Data from: The contribution of marine aggregate-associated bacteria to the accumulation of pathogenic bacteria in oysters: an agent-based model
Cite this dataset
Kramer, Andrew M. et al. (2017). Data from: The contribution of marine aggregate-associated bacteria to the accumulation of pathogenic bacteria in oysters: an agent-based model [Dataset]. Dryad. https://doi.org/10.5061/dryad.m56c1
Bivalves process large volumes of water, leading to their accumulation of bacteria, including potential human pathogens (e.g., vibrios). These bacteria are captured at low efficiencies when freely suspended in the water column, but they also attach to marine aggregates, which are captured with near 100% efficiency. For this reason, and because they are often enriched with heterotrophic bacteria, marine aggregates have been hypothesized to function as important transporters of bacteria into bivalves. The relative contribution of aggregates and unattached bacteria to the accumulation of these cells, however, is unknown. We developed an agent-based model to simulate accumulation of vibrio-type bacteria in oysters. Simulations were conducted over a realistic range of concentrations of bacteria and aggregates and incorporated the dependence of pseudofeces production on particulate matter. The model shows that the contribution of aggregate-attached bacteria depends strongly on the unattached bacteria, which form the colonization pool for aggregates and are directly captured by the simulated oysters. The concentration of aggregates is also important, but its effect depends on the concentration of unattached bacteria.
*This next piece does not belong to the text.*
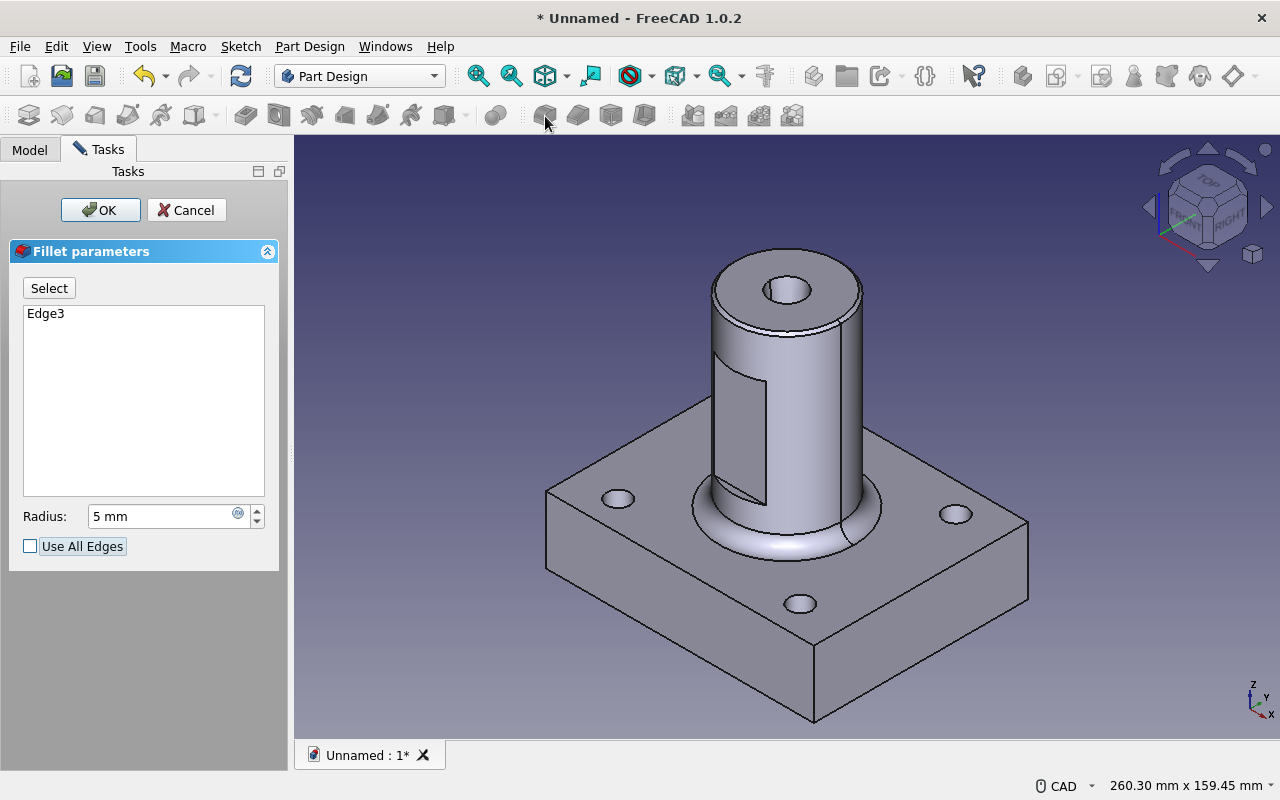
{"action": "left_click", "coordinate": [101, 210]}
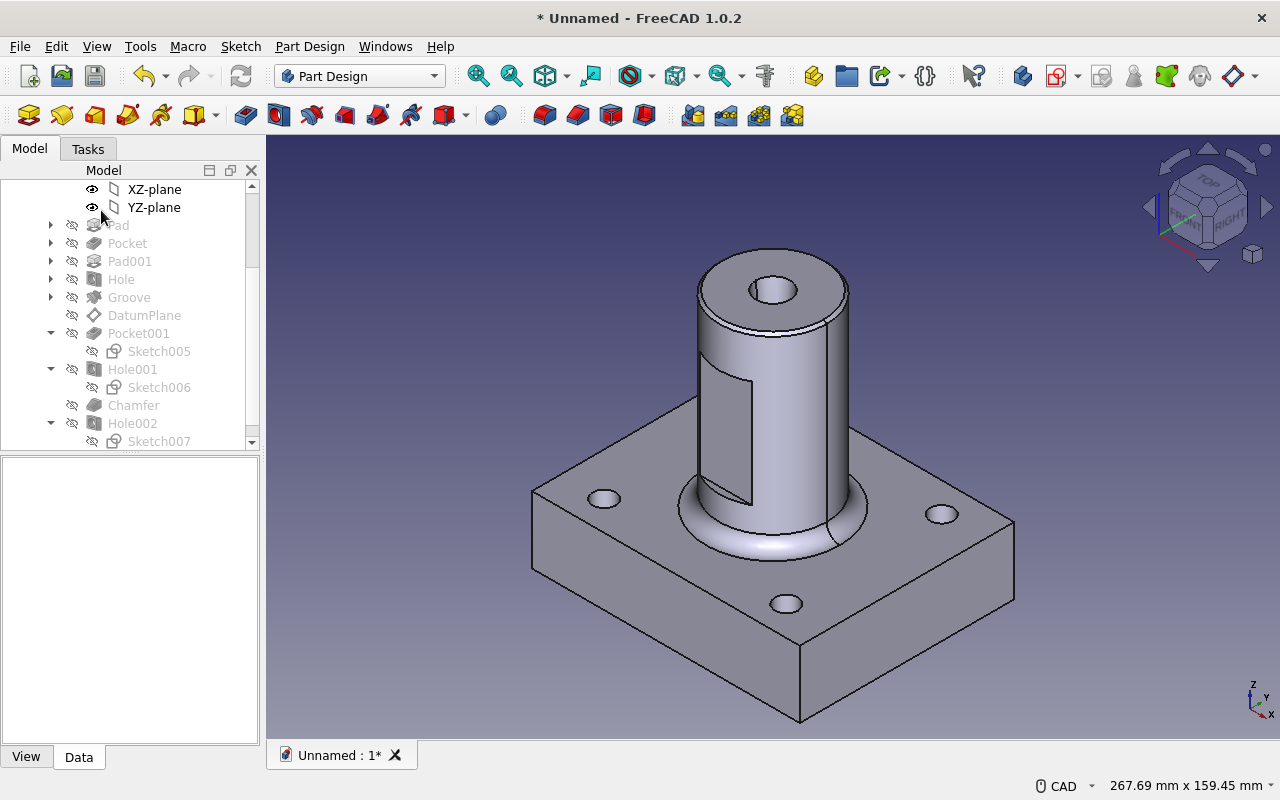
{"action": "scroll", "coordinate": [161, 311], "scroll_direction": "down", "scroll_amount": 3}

At high bacterial concentrations, aggregates contribute the majority of bacteria in the oysters. At low concentrations of unattached bacteria, aggregates have a neutral or even a slightly negative effect on bacterial accumulation. These results provide the first evidence suggesting that the concentration of aggregates could influence uptake of pathogenic bacteria in bivalves and show that the tendency of a bacterial species to remain attached to aggregates is a key factor for understanding species-specific accumulation.